▶ **Required work**
In the entries below, find the line with "#3 movable object" and the line with "#7 pedestrian (954,862,964,882)"; give again those lines and every line between them, exactly.

▶ **Material provided**

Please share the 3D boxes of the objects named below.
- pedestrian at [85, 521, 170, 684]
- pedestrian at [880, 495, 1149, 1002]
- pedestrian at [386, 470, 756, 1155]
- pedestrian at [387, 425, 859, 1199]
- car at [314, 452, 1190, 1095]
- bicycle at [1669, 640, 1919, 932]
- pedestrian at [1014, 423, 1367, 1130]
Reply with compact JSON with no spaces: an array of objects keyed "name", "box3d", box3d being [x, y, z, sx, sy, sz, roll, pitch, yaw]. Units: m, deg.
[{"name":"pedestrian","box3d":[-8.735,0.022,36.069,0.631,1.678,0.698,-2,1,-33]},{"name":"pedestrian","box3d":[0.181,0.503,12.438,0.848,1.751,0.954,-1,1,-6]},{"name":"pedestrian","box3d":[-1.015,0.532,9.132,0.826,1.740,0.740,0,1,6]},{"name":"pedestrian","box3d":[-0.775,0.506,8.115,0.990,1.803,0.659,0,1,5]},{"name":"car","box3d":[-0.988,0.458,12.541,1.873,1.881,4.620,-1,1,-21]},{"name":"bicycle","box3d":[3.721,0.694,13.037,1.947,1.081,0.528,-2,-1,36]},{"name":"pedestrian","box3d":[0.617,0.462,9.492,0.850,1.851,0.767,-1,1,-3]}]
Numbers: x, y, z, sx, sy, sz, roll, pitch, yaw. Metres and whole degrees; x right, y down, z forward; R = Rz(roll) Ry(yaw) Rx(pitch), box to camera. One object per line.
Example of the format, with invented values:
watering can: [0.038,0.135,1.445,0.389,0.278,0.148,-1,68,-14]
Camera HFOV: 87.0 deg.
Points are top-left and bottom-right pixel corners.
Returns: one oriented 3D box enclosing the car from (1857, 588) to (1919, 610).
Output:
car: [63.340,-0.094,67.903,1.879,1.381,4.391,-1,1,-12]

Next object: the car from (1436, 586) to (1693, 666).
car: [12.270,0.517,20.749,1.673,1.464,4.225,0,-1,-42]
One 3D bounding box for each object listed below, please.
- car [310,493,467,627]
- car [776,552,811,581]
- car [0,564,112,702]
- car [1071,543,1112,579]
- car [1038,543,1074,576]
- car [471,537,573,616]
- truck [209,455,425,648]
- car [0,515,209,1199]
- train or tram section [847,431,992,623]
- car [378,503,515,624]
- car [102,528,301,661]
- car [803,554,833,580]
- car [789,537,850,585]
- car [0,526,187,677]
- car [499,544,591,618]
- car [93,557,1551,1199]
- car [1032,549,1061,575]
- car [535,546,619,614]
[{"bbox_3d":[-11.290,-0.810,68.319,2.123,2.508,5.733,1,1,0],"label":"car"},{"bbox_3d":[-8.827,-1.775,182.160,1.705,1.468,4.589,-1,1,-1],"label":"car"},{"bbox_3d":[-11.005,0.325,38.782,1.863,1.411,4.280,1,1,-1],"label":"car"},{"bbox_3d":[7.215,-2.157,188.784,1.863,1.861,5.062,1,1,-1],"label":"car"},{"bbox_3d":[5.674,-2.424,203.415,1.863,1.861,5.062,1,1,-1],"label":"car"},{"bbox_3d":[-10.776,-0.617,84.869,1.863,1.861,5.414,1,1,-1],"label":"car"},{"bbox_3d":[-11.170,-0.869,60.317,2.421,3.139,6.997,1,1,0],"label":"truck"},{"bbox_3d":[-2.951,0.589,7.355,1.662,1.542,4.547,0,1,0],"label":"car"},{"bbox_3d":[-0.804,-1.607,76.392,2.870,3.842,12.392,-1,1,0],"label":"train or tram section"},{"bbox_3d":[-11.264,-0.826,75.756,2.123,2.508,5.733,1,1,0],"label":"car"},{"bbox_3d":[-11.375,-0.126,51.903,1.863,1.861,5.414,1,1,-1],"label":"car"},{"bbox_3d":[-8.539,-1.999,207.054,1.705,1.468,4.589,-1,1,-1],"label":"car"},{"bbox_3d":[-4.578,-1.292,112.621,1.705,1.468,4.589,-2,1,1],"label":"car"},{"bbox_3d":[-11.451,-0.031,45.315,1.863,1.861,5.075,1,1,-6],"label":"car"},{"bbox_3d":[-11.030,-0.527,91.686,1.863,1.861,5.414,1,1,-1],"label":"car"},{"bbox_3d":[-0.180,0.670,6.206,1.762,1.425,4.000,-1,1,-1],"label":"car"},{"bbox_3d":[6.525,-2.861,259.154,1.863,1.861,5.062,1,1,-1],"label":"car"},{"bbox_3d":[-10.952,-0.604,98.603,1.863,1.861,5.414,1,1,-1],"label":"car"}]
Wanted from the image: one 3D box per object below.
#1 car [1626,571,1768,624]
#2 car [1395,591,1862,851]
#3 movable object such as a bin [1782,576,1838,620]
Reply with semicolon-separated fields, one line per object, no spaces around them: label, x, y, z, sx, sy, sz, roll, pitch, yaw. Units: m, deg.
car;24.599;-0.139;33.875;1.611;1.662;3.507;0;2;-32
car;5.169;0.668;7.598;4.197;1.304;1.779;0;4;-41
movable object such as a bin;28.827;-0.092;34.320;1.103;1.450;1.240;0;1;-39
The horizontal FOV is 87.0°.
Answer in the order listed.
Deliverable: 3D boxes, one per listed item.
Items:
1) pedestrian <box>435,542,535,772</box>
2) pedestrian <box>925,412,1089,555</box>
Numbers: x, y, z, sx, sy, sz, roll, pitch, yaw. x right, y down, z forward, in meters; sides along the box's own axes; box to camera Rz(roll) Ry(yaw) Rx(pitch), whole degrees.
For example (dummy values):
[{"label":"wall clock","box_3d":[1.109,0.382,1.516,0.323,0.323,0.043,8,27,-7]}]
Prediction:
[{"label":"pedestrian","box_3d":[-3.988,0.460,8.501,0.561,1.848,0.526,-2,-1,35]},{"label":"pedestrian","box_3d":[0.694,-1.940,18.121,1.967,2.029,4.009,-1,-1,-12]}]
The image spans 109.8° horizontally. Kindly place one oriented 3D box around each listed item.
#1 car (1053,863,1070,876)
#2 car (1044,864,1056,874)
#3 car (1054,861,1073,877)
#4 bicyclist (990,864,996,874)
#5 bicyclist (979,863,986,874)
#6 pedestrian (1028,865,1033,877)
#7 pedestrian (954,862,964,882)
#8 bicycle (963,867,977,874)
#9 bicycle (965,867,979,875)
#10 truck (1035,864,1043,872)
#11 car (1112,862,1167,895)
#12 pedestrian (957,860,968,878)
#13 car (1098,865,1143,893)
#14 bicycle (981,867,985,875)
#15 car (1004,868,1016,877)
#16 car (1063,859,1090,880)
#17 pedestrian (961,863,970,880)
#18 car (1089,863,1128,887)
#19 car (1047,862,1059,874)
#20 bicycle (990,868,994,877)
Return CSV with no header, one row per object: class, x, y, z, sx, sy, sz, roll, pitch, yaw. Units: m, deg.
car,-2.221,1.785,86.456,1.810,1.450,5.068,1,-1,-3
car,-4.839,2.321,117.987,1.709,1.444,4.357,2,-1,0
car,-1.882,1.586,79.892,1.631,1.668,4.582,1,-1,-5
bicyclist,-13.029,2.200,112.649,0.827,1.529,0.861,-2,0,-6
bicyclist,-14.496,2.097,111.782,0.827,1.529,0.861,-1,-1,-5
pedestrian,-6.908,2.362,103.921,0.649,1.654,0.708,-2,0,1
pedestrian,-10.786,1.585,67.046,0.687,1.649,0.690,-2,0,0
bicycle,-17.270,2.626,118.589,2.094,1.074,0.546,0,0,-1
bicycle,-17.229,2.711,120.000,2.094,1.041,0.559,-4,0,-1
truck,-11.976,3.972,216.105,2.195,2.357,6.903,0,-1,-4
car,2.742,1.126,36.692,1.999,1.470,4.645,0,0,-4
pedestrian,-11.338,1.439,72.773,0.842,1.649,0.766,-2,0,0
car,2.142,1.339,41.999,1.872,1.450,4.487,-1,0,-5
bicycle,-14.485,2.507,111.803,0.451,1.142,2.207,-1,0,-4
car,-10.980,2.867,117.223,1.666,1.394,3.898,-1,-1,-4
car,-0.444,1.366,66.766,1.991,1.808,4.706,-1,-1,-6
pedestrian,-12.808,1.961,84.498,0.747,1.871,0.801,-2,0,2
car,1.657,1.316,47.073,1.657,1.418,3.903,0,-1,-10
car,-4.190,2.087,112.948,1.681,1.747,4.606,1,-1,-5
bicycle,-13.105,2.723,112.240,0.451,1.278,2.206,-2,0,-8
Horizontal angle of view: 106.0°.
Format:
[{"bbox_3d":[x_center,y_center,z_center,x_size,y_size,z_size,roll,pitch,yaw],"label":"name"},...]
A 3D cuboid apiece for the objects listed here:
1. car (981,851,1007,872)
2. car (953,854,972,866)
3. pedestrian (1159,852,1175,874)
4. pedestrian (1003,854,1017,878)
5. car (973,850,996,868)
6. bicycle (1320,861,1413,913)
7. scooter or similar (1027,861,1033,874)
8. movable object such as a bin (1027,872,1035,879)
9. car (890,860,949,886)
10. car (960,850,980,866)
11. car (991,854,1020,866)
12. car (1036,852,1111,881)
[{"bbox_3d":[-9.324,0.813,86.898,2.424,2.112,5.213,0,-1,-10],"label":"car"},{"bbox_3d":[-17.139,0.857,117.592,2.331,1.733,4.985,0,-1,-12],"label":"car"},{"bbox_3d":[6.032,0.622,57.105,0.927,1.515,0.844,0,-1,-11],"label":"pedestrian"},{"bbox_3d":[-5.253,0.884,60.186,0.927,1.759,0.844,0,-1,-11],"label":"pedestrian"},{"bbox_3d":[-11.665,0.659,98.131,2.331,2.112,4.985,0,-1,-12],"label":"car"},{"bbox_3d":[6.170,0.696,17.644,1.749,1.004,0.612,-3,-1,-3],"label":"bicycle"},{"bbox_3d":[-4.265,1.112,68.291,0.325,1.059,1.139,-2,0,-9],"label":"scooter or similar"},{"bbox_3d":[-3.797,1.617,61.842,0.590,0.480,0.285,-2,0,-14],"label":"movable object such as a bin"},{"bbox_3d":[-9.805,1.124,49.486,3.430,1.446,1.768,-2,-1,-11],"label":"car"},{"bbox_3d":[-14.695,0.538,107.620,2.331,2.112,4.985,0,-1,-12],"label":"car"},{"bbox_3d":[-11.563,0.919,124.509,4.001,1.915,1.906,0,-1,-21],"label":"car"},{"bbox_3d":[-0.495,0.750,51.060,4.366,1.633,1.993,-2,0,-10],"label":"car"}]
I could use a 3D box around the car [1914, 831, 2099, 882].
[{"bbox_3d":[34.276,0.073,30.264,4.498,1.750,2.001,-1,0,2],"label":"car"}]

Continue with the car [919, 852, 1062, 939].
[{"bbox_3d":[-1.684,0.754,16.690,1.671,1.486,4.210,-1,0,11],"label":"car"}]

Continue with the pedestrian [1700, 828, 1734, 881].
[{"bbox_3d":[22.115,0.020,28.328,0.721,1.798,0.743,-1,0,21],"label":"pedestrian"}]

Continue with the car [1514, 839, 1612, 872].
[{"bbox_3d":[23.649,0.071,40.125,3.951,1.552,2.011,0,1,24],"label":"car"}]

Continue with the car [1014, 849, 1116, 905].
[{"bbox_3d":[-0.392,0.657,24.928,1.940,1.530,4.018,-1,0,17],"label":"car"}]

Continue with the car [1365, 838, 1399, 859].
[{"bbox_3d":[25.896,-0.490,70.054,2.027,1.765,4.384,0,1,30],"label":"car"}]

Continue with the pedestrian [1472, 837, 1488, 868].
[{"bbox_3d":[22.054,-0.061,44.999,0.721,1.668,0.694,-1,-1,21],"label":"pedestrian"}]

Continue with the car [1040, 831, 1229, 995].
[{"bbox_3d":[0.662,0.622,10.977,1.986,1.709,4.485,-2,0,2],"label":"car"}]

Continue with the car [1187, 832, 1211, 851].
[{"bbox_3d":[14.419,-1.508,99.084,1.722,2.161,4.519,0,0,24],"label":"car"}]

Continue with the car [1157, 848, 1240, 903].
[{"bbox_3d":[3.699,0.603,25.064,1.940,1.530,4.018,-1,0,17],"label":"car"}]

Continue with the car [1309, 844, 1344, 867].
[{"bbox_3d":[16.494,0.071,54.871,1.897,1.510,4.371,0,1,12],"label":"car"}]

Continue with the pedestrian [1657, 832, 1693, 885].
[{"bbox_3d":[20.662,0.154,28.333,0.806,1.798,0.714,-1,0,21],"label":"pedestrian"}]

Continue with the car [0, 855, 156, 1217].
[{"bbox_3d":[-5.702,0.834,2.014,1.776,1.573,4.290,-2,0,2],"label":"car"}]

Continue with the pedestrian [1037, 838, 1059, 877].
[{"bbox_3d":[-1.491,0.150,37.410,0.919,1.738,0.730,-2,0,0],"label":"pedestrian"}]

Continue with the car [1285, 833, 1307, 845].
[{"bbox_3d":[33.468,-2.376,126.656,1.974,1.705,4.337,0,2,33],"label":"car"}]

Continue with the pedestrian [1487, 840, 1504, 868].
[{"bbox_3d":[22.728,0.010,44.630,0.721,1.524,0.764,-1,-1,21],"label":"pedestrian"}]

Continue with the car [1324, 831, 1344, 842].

▶ **Solution**
#3 movable object such as a bin [1782,576,1838,620]
Reply with semicolon-separated fields, one line per object, no spaces around them: label, x, y, z, sx, sy, sz, roll, pitch, yaw. Units: m, deg.
car;24.599;-0.139;33.875;1.611;1.662;3.507;0;2;-32
car;5.169;0.668;7.598;4.197;1.304;1.779;0;4;-41
movable object such as a bin;28.827;-0.092;34.320;1.103;1.450;1.240;0;1;-39
The horizontal FOV is 87.0°.
Answer in the order listed.
Deliverable: 3D boxes, one per listed item.
Items:
1) pedestrian <box>435,542,535,772</box>
2) pedestrian <box>925,412,1089,555</box>
Numbers: x, y, z, sx, sy, sz, roll, pitch, yaw. x right, y down, z forward, in meters; sides along the box's own axes; box to camera Rz(roll) Ry(yaw) Rx(pitch), whole degrees.
For example (dummy values):
[{"label":"wall clock","box_3d":[1.109,0.382,1.516,0.323,0.323,0.043,8,27,-7]}]
Prediction:
[{"label":"pedestrian","box_3d":[-3.988,0.460,8.501,0.561,1.848,0.526,-2,-1,35]},{"label":"pedestrian","box_3d":[0.694,-1.940,18.121,1.967,2.029,4.009,-1,-1,-12]}]
The image spans 109.8° horizontally. Kindly place one oriented 3D box around each listed item.
#1 car (1053,863,1070,876)
#2 car (1044,864,1056,874)
#3 car (1054,861,1073,877)
#4 bicyclist (990,864,996,874)
#5 bicyclist (979,863,986,874)
#6 pedestrian (1028,865,1033,877)
#7 pedestrian (954,862,964,882)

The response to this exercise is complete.